Par acte d'huissier du 5 février 2014, le CRÉDIT DU NORD a fait assigner M. X. et à Mme Y. épouse X. devant le tribunal de grande instance d'Evry afin de faire « constater que le prêt consenti a été rendu exigible en conséquence des renseignements inexacts fournis par les époux X. sur leur situation » et afin de les voir condamner solidairement à lui payer la somme de 283.550 euros avec intérêts au taux contractuel de 4,25 % courus depuis le 16 septembre 2013 et capitalisation des intérêts.

Par jugement du 8 décembre 2014, le tribunal de grande instance d'Évry a :

- débouté le CRÉDIT DU NORD de sa demande de paiement,

- dit que la demande en capitalisation des intérêts devient donc sans objet,

- débouté le CRÉDIT DU NORD de sa demande fondée sur l'article 700 du code de procédure civile et l'a condamné aux dépens.

Par déclaration du 18 décembre 2014, le CRÉDIT DU NORD a interjeté appel de ce jugement.
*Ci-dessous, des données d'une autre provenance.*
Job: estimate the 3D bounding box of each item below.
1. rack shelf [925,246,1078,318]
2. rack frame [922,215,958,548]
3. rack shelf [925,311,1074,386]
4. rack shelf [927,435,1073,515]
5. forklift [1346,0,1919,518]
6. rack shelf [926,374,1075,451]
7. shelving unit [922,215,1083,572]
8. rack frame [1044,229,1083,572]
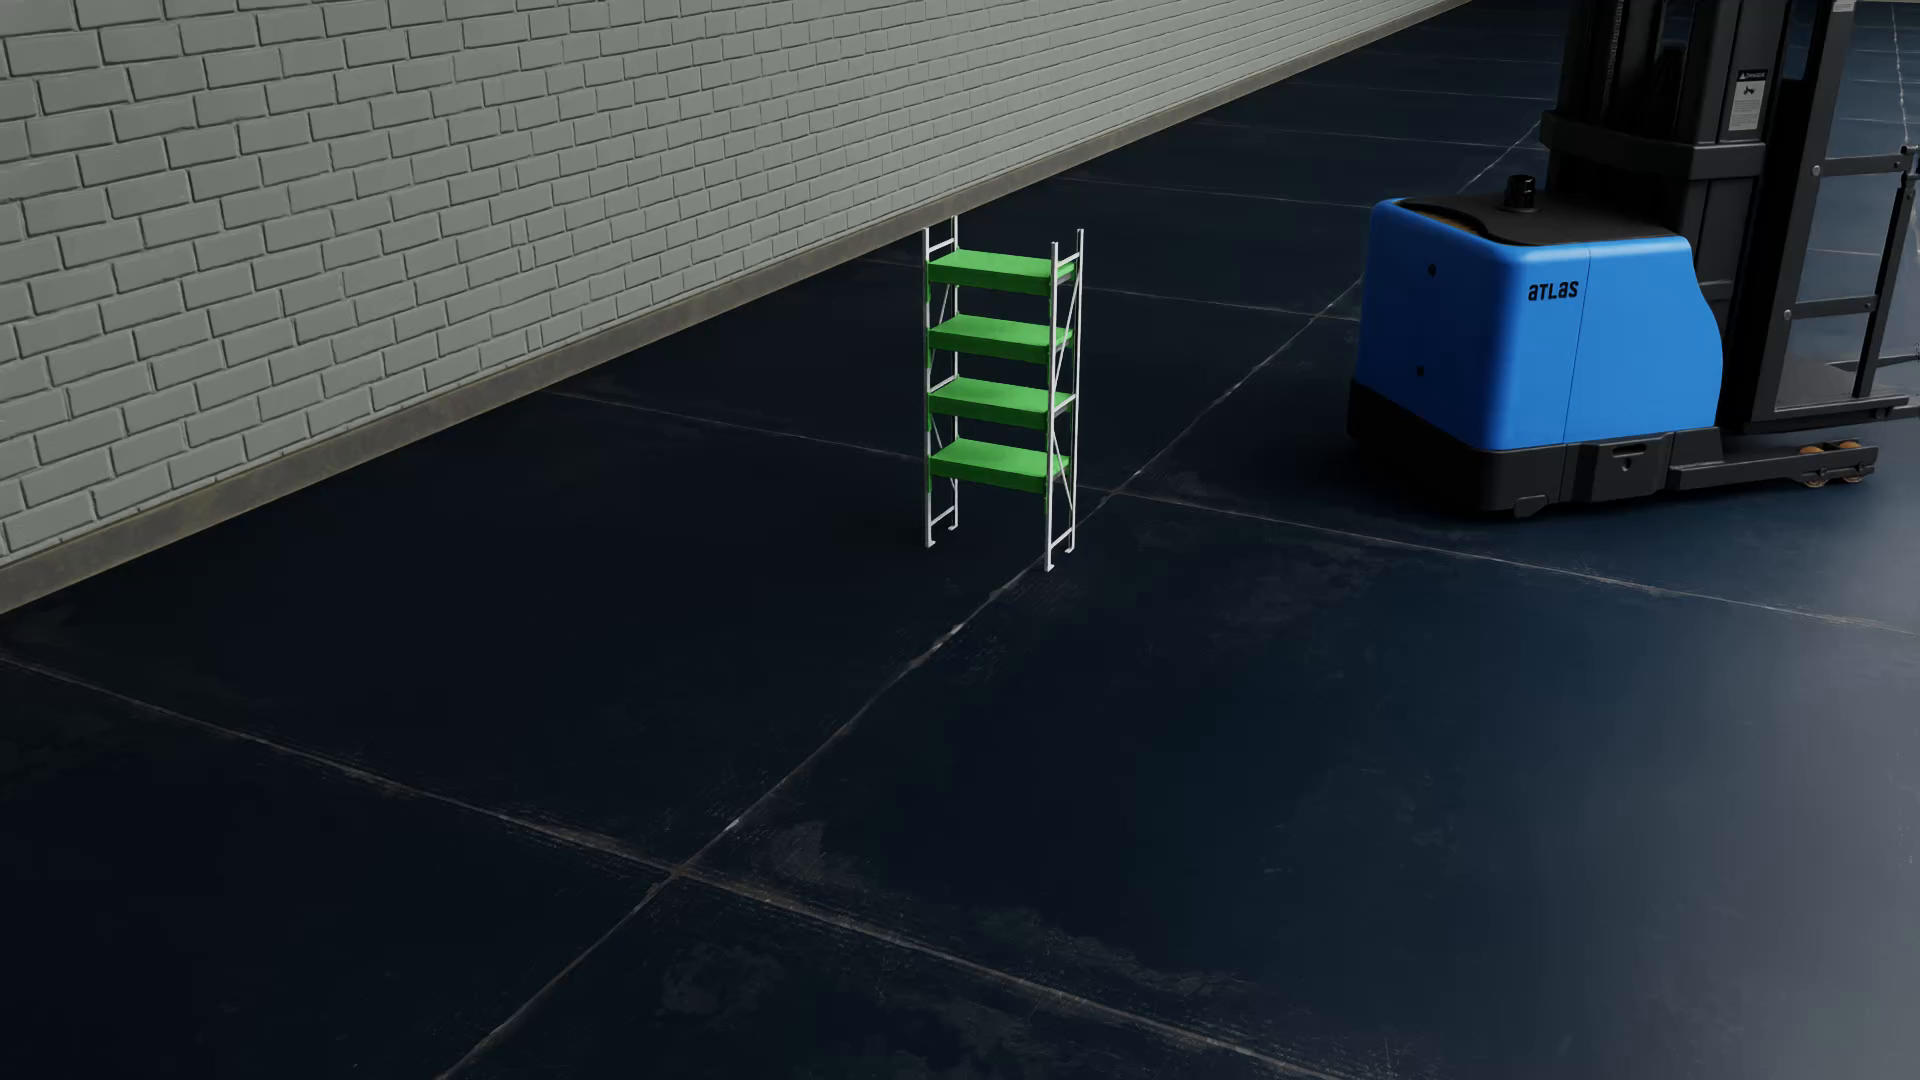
[{"bbox_3d":[0.148,-0.906,5.817,0.480,0.148,0.258,11,25,25],"label":"rack shelf"},{"bbox_3d":[-0.070,-0.566,6.081,0.015,1.200,0.240,11,25,25],"label":"rack frame"},{"bbox_3d":[0.148,-0.685,5.911,0.480,0.148,0.258,11,25,25],"label":"rack shelf"},{"bbox_3d":[0.148,-0.243,6.099,0.480,0.148,0.258,11,25,25],"label":"rack shelf"},{"bbox_3d":[3.246,-1.751,6.657,3.031,2.935,1.130,-7,24,-16],"label":"forklift"},{"bbox_3d":[0.148,-0.464,6.005,0.480,0.148,0.258,11,25,25],"label":"rack shelf"},{"bbox_3d":[0.148,-0.523,5.980,0.503,1.200,0.258,11,25,25],"label":"shelving unit"},{"bbox_3d":[0.365,-0.480,5.879,0.015,1.200,0.240,11,25,25],"label":"rack frame"}]

Aux termes de ses écritures signifiées le 9 février 2015, le CRÉDIT DU NORD demande à la cour de :

- le déclarer recevable et bien fondé en son appel,

- infirmer le jugement dont appel en ce qu'il a été débouté de ses demandes,

en conséquence,

- constater que le prêt consenti à M.et Mme X. a été rendu exigible en conséquence des renseignements inexacts fournis par ces derniers sur leur situation,

- condamné solidairement M. et Mme X. à lui payer la somme de 283.550 euros majorée des intérêts au taux contractuel de 4,25 % postérieurs au 16 septembre 2013, date de la déchéance du terme, jusqu'à parfait paiement,

- ordonné la capitalisation annuelle des intérêts,

- les condamner solidairement au paiement de la somme de 5.000 euros en application de l'article 700 du code de procédure civile, et aux dépens.

Par actes d'huissier du 23 février 2015, le CRÉDIT DU NORD a fait signifier sa déclaration d'appel et ses conclusions d'appelant à M. X. et à Mme Y. épouse X. (avec remise de la copie des actes en l'étude de l'huissier instrumentaire).
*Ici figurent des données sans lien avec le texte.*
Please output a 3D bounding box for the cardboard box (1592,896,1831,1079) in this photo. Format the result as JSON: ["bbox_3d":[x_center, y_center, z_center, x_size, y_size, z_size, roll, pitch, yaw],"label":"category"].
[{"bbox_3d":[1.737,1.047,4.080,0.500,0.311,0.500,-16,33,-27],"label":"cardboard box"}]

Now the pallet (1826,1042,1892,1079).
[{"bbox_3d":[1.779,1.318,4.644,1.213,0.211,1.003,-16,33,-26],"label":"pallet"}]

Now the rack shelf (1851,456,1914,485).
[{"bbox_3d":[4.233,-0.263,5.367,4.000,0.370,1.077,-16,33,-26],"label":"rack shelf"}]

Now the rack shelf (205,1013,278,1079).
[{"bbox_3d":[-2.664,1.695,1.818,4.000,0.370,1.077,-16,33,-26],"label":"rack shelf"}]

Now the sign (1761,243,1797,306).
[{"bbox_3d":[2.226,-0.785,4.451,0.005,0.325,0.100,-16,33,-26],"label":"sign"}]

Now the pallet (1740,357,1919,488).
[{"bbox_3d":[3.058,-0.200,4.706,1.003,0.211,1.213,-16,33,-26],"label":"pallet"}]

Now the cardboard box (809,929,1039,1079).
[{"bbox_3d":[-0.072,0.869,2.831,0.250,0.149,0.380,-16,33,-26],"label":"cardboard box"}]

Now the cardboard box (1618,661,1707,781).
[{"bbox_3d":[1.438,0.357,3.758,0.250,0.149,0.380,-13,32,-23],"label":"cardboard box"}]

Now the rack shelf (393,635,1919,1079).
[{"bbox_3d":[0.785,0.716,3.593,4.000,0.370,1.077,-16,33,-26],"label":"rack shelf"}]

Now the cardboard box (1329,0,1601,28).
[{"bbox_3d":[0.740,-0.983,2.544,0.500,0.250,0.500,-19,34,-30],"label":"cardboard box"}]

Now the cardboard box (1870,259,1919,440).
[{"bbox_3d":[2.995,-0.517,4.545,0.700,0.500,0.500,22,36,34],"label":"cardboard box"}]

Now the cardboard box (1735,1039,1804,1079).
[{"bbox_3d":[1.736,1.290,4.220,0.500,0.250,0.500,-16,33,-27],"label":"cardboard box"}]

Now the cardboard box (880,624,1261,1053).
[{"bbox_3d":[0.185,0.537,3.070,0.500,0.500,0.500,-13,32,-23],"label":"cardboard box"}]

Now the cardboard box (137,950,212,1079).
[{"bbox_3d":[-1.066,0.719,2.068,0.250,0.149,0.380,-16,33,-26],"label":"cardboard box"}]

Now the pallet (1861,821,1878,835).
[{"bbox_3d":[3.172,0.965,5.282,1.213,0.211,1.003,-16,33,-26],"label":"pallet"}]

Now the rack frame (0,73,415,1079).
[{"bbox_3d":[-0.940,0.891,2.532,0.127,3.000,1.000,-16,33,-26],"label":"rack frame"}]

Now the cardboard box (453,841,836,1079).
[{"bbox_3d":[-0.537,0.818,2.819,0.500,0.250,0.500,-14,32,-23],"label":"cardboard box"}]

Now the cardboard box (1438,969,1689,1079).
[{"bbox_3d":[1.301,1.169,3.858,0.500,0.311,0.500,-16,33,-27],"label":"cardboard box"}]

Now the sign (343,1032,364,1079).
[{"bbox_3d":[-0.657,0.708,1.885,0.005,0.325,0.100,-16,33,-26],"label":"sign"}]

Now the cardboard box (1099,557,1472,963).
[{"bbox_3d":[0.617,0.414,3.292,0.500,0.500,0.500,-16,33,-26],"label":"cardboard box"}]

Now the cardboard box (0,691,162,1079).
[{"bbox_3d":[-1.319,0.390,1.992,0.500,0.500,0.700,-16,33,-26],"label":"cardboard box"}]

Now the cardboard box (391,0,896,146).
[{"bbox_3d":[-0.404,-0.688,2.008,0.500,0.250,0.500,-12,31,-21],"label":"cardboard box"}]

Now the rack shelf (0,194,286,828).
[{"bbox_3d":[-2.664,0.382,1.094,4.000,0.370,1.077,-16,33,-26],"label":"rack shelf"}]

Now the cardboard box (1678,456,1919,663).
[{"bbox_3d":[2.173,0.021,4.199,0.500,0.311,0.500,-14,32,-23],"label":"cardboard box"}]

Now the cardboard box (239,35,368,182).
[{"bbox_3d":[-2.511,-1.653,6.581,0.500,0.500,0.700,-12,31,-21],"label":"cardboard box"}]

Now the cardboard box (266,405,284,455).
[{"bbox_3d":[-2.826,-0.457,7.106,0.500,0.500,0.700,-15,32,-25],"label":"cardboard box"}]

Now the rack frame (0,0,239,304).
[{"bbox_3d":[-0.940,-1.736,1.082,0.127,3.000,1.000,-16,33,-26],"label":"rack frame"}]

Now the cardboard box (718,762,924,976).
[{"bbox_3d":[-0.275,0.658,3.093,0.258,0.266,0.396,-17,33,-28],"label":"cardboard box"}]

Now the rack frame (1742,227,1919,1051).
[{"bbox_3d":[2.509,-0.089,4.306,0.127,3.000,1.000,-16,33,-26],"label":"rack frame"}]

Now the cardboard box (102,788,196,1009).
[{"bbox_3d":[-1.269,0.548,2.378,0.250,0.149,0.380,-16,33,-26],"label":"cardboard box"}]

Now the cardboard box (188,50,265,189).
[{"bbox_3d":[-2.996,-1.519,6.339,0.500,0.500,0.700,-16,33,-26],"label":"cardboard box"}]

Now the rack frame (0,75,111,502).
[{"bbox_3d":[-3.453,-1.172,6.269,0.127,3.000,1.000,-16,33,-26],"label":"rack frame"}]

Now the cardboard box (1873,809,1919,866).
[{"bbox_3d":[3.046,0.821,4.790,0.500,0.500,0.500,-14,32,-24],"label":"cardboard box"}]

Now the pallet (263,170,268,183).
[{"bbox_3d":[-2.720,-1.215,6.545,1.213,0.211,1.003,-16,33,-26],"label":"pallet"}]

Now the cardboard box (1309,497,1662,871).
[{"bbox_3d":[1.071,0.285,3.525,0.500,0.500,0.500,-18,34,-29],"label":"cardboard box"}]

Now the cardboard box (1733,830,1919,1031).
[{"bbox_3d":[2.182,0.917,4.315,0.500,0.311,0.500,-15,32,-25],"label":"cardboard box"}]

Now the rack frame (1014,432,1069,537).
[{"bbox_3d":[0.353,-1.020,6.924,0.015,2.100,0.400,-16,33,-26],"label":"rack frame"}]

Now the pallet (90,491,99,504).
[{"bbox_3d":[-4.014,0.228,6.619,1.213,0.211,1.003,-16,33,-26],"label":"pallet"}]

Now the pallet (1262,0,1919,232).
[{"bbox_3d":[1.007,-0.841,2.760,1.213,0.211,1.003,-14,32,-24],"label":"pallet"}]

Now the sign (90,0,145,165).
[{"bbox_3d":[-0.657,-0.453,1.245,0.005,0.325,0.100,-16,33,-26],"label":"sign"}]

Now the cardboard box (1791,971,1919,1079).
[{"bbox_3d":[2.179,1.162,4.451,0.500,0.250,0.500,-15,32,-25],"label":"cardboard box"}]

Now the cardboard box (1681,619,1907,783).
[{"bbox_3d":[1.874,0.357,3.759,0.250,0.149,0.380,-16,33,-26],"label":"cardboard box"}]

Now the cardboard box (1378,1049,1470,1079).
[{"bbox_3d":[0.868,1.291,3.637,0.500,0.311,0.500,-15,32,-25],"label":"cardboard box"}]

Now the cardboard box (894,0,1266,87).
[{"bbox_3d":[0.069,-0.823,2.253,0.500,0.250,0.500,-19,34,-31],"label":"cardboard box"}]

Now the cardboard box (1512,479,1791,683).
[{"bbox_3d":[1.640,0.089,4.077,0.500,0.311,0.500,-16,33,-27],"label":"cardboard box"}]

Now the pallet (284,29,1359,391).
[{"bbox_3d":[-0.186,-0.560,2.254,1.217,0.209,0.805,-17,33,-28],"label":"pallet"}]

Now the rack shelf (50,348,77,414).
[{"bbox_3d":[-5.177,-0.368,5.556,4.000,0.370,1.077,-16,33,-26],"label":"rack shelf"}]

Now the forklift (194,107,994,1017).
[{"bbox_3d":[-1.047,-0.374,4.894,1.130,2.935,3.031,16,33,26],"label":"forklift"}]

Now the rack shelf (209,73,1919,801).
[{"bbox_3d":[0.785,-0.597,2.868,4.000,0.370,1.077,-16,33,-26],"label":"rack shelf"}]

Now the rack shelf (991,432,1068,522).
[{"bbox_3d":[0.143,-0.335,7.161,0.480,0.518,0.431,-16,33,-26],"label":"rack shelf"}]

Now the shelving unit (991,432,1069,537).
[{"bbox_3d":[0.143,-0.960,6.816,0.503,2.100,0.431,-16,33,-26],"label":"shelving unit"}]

Les intimés n'ont pas constitué avocat.

L'ordonnance de clôture a été prononcée le 19 janvier 2006.

 

MOTIFS (justification de la décision)                                  (N.B. : mention ne figurant pas sur l’original)

SUR CE :

Considérant que le CRÉDIT DU NORD se prévaut des stipulations de l'article 9-1 des conditions générales du prêt immobilier ; qu'il conclut que c'est sur le fondement de cette disposition contractuelle qu'il a prononcé l'exigibilité anticipée du prêt ; que le prêt a été accordé sur la base de documents falsifiés ; que par un courriel reçu le 27 mai 2013 de la CAISSE D'ÉPARGNE, celle-ci a indiqué que les relevés de compte transmis ne correspondent pas à ses écritures comptables ; que le montant des salaires apparaissant sur les fiches de paye ne se retrouvent pas sur les relevés du compte ouvert au CRÉDIT DU NORD sur lequel les revenus devaient être domiciliés ; qu'il ne connaît pas les ressources réelles de M.et Mme X. ; qu'il était donc en droit de prononcer l'exigibilité anticipée du prêt le 16 septembre 2013 en application des dispositions de l’article 9-1 des conditions générales du contrat de prêt ;

Que le CRÉDIT DU NORD ajoute qu'il justifie en cause d'appel que le prêt a été décaissé en deux versements, l'un de 1.327 euros sur le compte de M. X. le 4 avril 2013, le second de 265.000 euros par virement au compte de l'étude J. notaire à [ville E.], le 5 avril 2013 ; qu'il a donc remis l'intégralité des fonds au époux X. avant d'avoir eu connaissance de la réquisition judiciaire et du courriel de la CAISSE D'ÉPARGNE ;

Considérant que, si les intimés sont défaillants, il ne peut être fait droit à la demande que dans la mesure où elle est régulière, recevable et bien fondée ;

Considérant que pour fonder sa demande à l'encontre de M.et Mme X., le CRÉDIT DU NORD, qui n'invoque pas de manquement suffisamment grave justifiant le prononcé d'une résolution judiciaire du prêt selon l'article 1184 du code civil, se prévaut uniquement de la clause d'exigibilité immédiate du prêt immobilier prévue par l'article 9.1 des conditions générales annexées au contrat de prêt selon laquelle :

« Le prêt en principal, intérêts, frais et accessoires, deviendra immédiatement et de plein droit exigible par anticipation, sans que le prêteur ait à remplir une formalité judiciaire quelconque, sauf accord écrit de sa part, dans l'un des cas suivants :

- « fournitures de renseignements inexacts sur la situation de l'emprunteur dès lors que ces renseignements étaient nécessaires à la prise de décision du prêteur » ; […]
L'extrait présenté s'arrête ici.